── Extracted material ──

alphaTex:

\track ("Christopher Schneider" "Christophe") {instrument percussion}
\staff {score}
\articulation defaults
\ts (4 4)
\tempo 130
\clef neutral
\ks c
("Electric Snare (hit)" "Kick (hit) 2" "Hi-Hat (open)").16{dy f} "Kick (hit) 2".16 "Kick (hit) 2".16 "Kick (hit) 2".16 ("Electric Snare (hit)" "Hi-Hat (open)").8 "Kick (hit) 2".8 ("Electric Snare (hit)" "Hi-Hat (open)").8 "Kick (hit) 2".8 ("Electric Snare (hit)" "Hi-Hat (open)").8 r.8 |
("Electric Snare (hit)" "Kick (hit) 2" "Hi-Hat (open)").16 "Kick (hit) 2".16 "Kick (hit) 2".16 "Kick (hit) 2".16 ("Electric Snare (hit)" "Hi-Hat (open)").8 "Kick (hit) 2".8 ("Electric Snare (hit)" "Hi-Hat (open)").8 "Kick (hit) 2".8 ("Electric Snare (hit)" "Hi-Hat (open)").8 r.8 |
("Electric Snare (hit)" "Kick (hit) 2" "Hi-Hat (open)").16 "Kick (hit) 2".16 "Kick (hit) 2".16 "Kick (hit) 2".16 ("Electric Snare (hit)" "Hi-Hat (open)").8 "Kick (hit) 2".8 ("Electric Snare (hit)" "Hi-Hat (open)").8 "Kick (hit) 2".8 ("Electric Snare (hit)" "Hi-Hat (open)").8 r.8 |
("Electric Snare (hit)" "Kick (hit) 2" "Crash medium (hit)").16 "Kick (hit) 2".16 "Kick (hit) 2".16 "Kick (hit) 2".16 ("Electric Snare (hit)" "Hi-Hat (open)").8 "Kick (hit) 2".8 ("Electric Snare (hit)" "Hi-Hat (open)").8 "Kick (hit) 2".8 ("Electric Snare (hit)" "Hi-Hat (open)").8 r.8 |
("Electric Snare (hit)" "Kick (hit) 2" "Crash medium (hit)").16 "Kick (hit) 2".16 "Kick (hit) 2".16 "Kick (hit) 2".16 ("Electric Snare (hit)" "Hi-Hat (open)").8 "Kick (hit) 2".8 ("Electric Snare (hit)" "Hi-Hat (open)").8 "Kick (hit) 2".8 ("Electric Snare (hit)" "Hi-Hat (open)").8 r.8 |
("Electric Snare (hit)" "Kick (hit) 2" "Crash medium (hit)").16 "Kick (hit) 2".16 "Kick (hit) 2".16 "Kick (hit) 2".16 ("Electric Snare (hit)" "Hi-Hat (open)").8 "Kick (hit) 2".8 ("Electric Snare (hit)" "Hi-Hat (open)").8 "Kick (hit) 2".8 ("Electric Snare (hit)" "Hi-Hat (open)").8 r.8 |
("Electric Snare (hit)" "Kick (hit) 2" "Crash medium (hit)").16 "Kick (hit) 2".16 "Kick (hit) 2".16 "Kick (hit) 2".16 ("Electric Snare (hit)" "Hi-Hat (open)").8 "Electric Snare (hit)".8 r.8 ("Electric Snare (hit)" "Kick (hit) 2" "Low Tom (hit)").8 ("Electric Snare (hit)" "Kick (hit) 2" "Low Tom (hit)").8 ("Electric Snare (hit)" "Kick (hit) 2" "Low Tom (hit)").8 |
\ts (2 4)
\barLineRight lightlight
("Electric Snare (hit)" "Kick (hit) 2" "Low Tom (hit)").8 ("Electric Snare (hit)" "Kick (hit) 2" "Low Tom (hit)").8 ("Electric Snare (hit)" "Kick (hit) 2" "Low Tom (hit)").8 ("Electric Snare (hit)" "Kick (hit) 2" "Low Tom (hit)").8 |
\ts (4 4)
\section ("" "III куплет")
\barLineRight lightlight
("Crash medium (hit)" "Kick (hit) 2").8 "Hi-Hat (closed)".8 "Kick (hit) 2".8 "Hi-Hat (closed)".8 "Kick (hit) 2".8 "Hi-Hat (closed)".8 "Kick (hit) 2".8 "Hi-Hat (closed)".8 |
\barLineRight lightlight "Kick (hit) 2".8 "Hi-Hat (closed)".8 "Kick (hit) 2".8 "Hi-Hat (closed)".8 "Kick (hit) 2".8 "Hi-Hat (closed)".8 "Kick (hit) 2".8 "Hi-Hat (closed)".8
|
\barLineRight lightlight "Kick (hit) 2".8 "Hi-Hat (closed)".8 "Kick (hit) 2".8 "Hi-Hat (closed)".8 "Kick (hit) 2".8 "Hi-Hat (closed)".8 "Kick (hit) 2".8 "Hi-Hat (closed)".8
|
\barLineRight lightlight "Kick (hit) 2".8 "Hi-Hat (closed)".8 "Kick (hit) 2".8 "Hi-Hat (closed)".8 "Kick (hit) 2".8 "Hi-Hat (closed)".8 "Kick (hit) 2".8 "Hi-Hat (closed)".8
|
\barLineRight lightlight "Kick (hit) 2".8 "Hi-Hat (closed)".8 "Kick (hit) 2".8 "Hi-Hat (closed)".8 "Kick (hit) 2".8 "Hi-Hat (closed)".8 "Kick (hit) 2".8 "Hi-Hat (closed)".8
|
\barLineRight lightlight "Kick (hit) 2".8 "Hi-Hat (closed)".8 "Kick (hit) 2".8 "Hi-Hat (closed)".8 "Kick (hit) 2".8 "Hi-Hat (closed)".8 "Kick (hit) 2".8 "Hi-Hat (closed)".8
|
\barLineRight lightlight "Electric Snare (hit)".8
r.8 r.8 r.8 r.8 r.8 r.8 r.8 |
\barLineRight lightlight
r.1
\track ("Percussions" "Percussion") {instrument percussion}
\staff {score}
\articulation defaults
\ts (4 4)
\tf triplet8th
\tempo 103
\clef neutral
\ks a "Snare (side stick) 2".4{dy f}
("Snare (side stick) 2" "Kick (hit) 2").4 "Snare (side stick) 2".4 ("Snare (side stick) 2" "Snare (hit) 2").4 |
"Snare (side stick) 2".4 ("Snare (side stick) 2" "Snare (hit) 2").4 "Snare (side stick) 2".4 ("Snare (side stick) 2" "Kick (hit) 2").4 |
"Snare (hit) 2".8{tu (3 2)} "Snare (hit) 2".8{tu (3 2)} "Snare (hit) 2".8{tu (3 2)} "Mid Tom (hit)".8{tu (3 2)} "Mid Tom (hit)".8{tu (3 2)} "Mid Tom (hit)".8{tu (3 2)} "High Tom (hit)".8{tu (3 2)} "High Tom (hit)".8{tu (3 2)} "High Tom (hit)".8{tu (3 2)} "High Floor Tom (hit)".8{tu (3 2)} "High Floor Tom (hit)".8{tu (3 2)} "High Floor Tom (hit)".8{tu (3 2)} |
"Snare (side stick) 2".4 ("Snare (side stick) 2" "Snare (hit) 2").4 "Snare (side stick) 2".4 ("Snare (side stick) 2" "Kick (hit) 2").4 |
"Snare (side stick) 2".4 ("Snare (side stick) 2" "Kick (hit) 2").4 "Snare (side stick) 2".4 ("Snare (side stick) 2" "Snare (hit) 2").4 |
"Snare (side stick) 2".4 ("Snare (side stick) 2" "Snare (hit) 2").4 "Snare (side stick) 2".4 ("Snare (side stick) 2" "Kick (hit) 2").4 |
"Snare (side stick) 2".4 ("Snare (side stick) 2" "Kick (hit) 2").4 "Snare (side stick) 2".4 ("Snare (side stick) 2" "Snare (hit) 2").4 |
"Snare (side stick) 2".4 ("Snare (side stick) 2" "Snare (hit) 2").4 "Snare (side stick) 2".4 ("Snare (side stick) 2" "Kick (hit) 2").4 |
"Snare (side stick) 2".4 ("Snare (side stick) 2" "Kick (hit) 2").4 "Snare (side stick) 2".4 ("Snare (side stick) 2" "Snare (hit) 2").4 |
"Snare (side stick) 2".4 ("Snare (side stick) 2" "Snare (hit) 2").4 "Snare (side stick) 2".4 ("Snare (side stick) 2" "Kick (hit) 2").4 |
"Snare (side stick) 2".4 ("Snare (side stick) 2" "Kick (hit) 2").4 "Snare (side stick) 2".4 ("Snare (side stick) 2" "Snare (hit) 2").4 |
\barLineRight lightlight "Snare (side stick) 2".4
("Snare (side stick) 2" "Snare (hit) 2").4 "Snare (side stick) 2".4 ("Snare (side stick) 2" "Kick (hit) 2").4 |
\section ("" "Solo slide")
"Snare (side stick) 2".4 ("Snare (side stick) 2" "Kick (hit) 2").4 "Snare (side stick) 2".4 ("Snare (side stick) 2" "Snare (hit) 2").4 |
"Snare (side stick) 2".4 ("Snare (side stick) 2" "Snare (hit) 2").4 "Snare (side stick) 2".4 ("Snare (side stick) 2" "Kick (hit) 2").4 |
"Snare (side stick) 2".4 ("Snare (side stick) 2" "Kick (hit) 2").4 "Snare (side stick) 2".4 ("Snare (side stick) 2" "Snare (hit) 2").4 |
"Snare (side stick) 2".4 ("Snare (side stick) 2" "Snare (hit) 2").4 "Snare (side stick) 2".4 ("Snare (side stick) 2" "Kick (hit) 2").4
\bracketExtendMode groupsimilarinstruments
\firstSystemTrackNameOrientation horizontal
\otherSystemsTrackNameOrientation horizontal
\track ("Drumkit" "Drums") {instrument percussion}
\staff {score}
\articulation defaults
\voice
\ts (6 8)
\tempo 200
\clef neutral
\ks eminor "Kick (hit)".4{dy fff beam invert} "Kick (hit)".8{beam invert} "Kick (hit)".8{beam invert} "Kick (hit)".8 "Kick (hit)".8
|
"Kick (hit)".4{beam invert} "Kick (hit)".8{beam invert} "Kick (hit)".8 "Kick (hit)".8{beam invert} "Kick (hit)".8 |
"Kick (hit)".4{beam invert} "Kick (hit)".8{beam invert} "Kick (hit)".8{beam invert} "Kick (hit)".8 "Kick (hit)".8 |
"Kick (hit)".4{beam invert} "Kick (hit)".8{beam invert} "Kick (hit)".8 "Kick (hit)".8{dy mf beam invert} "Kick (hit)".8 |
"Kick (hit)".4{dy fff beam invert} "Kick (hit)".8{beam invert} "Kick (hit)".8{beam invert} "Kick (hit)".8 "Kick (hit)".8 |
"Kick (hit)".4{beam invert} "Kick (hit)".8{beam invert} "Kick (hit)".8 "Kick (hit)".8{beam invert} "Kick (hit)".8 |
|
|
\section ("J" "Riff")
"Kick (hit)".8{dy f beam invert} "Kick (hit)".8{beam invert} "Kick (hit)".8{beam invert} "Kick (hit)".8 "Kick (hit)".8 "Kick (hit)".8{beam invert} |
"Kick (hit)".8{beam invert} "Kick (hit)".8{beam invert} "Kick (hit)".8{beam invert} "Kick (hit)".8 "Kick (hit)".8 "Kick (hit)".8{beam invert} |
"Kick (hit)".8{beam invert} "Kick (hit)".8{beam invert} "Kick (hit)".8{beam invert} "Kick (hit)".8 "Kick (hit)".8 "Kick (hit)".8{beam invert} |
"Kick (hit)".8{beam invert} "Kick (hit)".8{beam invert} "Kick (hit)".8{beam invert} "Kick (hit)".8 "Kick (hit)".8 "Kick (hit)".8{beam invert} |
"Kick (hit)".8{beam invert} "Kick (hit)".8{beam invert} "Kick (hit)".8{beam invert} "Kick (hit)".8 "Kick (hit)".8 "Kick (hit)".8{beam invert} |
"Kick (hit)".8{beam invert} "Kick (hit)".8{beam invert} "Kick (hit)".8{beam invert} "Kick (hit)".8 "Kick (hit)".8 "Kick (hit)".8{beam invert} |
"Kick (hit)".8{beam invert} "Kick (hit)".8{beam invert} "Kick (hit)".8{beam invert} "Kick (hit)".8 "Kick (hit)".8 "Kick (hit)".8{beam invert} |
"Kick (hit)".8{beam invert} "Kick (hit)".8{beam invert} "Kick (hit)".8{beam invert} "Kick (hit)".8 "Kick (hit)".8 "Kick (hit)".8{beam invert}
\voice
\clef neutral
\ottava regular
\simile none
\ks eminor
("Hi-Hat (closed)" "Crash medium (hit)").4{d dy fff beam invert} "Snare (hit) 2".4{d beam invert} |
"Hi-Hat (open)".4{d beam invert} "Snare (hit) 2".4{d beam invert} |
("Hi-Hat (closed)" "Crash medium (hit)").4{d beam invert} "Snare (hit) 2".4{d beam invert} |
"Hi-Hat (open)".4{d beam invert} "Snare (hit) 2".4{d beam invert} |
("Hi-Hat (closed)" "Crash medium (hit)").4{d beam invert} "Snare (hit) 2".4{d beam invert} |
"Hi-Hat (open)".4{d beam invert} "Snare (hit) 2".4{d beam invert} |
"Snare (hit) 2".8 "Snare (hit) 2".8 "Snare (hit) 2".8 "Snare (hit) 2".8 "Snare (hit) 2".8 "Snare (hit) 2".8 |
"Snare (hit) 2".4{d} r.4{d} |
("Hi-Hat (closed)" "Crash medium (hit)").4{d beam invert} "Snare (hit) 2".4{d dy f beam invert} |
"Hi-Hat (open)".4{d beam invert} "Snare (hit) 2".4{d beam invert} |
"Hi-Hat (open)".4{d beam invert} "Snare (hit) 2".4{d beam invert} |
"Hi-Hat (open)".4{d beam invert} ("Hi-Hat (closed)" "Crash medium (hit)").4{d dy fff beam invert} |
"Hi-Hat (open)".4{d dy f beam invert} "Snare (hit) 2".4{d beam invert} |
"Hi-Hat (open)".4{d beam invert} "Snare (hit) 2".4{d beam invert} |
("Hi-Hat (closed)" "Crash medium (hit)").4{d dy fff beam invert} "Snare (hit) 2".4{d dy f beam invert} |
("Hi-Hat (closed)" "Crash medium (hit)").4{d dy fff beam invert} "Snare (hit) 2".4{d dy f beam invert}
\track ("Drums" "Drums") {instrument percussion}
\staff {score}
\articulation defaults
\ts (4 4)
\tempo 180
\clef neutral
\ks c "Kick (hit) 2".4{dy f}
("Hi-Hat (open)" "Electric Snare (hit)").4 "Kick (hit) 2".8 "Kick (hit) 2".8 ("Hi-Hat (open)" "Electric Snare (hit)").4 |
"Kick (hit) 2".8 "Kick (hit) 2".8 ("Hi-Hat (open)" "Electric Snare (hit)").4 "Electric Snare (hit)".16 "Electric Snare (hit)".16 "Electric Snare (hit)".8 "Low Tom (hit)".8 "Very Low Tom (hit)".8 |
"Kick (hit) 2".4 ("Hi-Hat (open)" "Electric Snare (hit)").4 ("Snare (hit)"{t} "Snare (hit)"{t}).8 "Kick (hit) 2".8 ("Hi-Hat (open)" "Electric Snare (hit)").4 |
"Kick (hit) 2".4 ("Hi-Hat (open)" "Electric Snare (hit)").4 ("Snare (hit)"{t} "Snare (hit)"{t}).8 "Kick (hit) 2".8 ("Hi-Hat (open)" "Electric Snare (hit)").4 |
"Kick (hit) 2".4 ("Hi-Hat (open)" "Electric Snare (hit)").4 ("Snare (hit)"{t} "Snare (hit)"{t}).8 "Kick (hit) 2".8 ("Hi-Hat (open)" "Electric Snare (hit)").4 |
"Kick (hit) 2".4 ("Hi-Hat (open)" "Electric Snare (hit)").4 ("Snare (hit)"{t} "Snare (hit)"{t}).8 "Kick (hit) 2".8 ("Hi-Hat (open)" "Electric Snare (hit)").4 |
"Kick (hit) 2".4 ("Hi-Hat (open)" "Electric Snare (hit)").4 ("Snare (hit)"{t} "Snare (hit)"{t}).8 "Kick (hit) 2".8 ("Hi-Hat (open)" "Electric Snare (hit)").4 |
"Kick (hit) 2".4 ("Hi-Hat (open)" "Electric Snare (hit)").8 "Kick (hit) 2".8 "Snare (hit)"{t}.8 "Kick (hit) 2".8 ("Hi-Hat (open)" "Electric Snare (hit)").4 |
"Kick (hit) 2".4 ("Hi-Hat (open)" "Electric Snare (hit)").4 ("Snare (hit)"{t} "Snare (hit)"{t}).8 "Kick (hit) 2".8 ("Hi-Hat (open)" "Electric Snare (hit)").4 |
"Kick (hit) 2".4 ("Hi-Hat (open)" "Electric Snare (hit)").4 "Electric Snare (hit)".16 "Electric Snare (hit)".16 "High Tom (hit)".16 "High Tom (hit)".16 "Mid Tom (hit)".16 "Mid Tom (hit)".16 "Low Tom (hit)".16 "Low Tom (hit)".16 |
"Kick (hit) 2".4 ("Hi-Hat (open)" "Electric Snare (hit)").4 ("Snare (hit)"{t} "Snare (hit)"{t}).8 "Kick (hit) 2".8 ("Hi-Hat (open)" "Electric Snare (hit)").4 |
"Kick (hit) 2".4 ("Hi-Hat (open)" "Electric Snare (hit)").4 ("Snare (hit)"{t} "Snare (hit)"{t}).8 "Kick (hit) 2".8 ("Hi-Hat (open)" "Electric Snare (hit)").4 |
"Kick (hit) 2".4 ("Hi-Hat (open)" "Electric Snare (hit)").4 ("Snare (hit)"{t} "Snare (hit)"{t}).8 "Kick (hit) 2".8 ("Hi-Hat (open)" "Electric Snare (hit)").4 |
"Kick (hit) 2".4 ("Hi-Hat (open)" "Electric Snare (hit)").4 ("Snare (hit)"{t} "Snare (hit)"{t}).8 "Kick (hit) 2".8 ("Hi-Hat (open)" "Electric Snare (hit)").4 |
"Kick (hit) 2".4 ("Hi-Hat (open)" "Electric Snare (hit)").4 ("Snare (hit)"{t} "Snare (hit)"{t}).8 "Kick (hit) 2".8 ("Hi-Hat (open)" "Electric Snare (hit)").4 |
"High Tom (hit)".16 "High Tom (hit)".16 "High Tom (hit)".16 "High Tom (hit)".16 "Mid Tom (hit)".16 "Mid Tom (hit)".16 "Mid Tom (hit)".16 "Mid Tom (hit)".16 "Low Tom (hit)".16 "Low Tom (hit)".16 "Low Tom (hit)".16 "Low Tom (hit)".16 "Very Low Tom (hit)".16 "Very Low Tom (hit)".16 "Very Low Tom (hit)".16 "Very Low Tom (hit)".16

───

Required action: From the records above, return each line that includes "eminor".

Answer area:
\ks eminor "Kick (hit)".4{dy fff beam invert} "Kick (hit)".8{beam invert} "Kick (hit)".8{beam invert} "Kick (hit)".8 "Kick (hit)".8
\ks eminor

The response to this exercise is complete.